Without any pictures, retype exactly the lines from the one with "5) car (231, 204, 254, 223)" through the final line of the records.

----- RECORDS FOR THE TASK

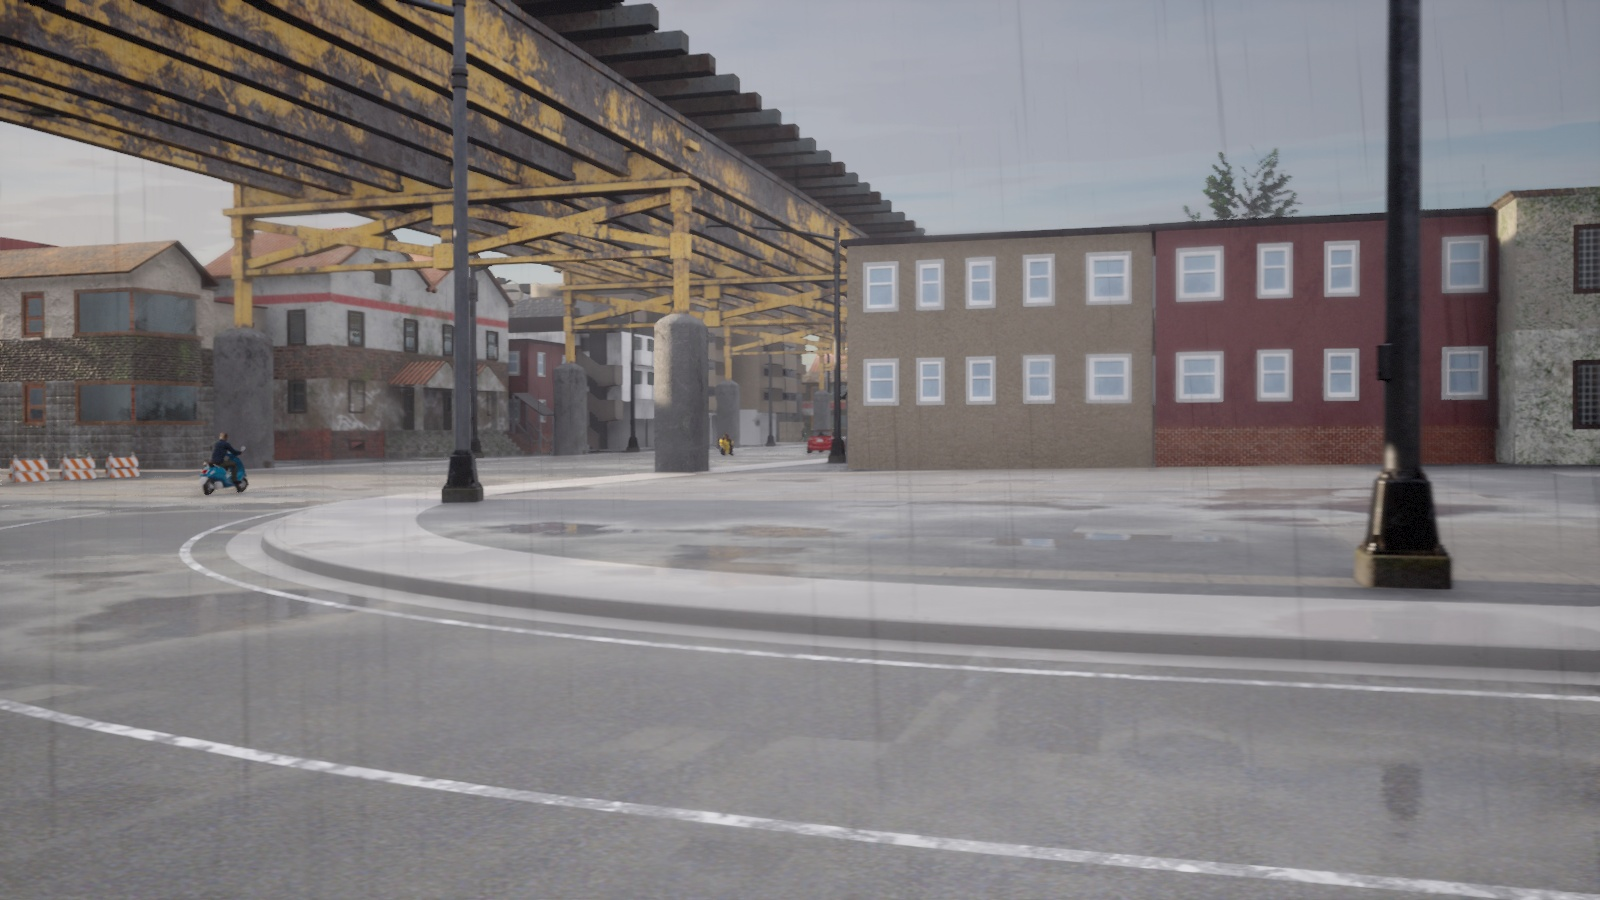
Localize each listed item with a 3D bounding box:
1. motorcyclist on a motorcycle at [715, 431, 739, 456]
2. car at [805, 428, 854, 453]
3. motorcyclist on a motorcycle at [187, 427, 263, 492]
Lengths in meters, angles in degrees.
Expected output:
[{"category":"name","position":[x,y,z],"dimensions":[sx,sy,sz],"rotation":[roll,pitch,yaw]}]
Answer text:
[{"category":"motorcyclist on a motorcycle","position":[-4.539,-0.421,78.278],"dimensions":[0.797,1.523,2.044],"rotation":[0,1,17]},{"category":"car","position":[2.117,-0.684,88.081],"dimensions":[2.242,1.667,4.611],"rotation":[0,1,17]},{"category":"motorcyclist on a motorcycle","position":[-14.727,0.223,32.223],"dimensions":[0.866,1.590,1.817],"rotation":[1,1,11]}]
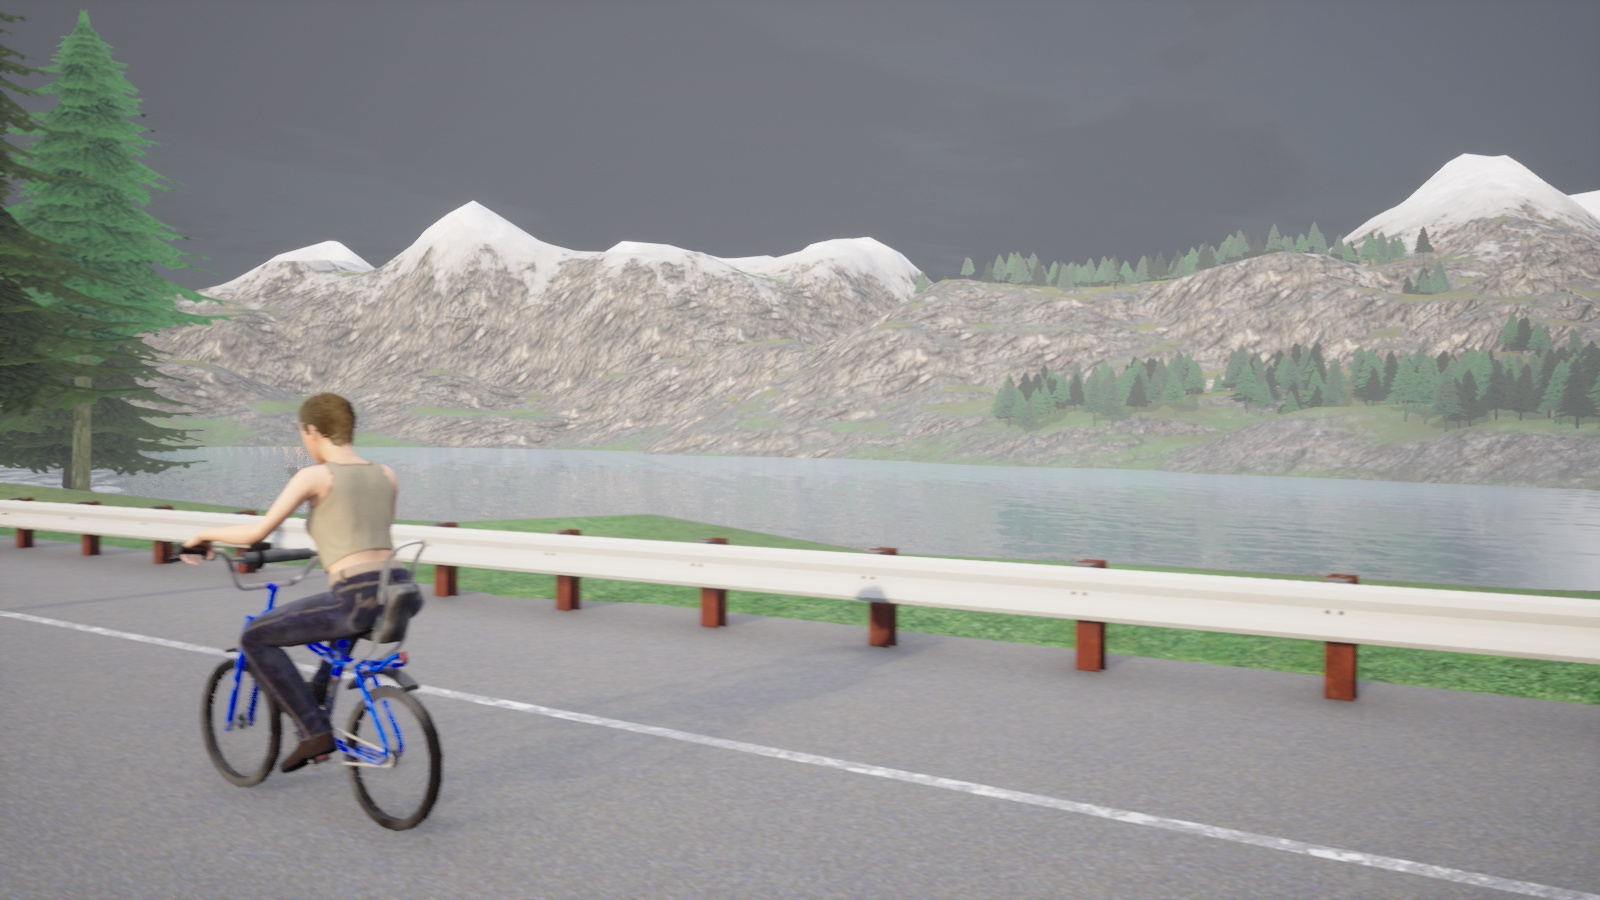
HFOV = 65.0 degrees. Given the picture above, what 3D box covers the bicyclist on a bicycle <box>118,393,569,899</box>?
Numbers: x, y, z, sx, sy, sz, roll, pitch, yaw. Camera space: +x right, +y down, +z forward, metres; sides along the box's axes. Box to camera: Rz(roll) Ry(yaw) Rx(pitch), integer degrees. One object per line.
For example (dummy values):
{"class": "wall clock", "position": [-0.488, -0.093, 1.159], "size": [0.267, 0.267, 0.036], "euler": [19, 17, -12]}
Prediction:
{"class": "bicyclist on a bicycle", "position": [-1.744, 0.619, 4.776], "size": [1.509, 1.612, 0.866], "euler": [0, 1, 34]}
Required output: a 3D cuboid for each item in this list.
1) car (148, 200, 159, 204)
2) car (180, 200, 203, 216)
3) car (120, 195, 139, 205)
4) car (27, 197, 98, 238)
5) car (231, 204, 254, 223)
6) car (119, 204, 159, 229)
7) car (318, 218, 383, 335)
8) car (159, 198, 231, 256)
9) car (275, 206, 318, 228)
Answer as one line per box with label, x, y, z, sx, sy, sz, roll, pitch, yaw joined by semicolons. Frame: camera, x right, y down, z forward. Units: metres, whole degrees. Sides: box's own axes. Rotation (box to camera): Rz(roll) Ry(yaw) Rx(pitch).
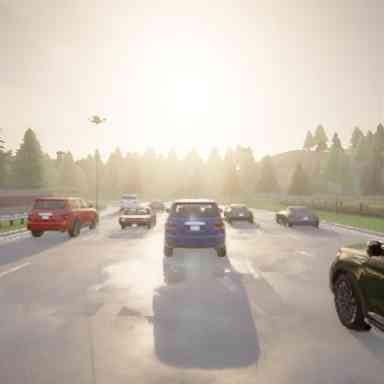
car;-4.674;1.702;43.192;1.994;1.385;4.181;0;0;-9
car;-0.179;1.660;35.231;2.033;1.411;5.357;0;0;-4
car;-7.880;1.355;41.807;2.150;2.045;5.566;1;0;-9
car;-6.904;1.282;18.337;2.150;2.045;5.566;0;0;0
car;3.572;1.648;26.303;1.994;1.385;4.181;0;0;-1
car;-3.404;1.671;21.880;1.895;1.301;4.718;0;0;0
car;3.599;1.234;3.754;2.150;2.045;5.566;0;0;0
car;0.097;1.266;13.473;2.150;2.045;5.566;0;0;0
car;7.094;1.636;22.776;1.994;1.385;4.181;0;0;0

----------

SOLUTION FOR THIS EXERCISE –
5) car (231, 204, 254, 223)
6) car (119, 204, 159, 229)
7) car (318, 218, 383, 335)
8) car (159, 198, 231, 256)
9) car (275, 206, 318, 228)
Answer as one line per box with label, x, y, z, sx, sy, sz, roll, pitch, yaw joined by semicolons. Frame: camera, x right, y down, z forward. Units: metres, whole degrees. Sides: box's own axes. Rotation (box to camera): Rz(roll) Ry(yaw) Rx(pitch).
car;-4.674;1.702;43.192;1.994;1.385;4.181;0;0;-9
car;-0.179;1.660;35.231;2.033;1.411;5.357;0;0;-4
car;-7.880;1.355;41.807;2.150;2.045;5.566;1;0;-9
car;-6.904;1.282;18.337;2.150;2.045;5.566;0;0;0
car;3.572;1.648;26.303;1.994;1.385;4.181;0;0;-1
car;-3.404;1.671;21.880;1.895;1.301;4.718;0;0;0
car;3.599;1.234;3.754;2.150;2.045;5.566;0;0;0
car;0.097;1.266;13.473;2.150;2.045;5.566;0;0;0
car;7.094;1.636;22.776;1.994;1.385;4.181;0;0;0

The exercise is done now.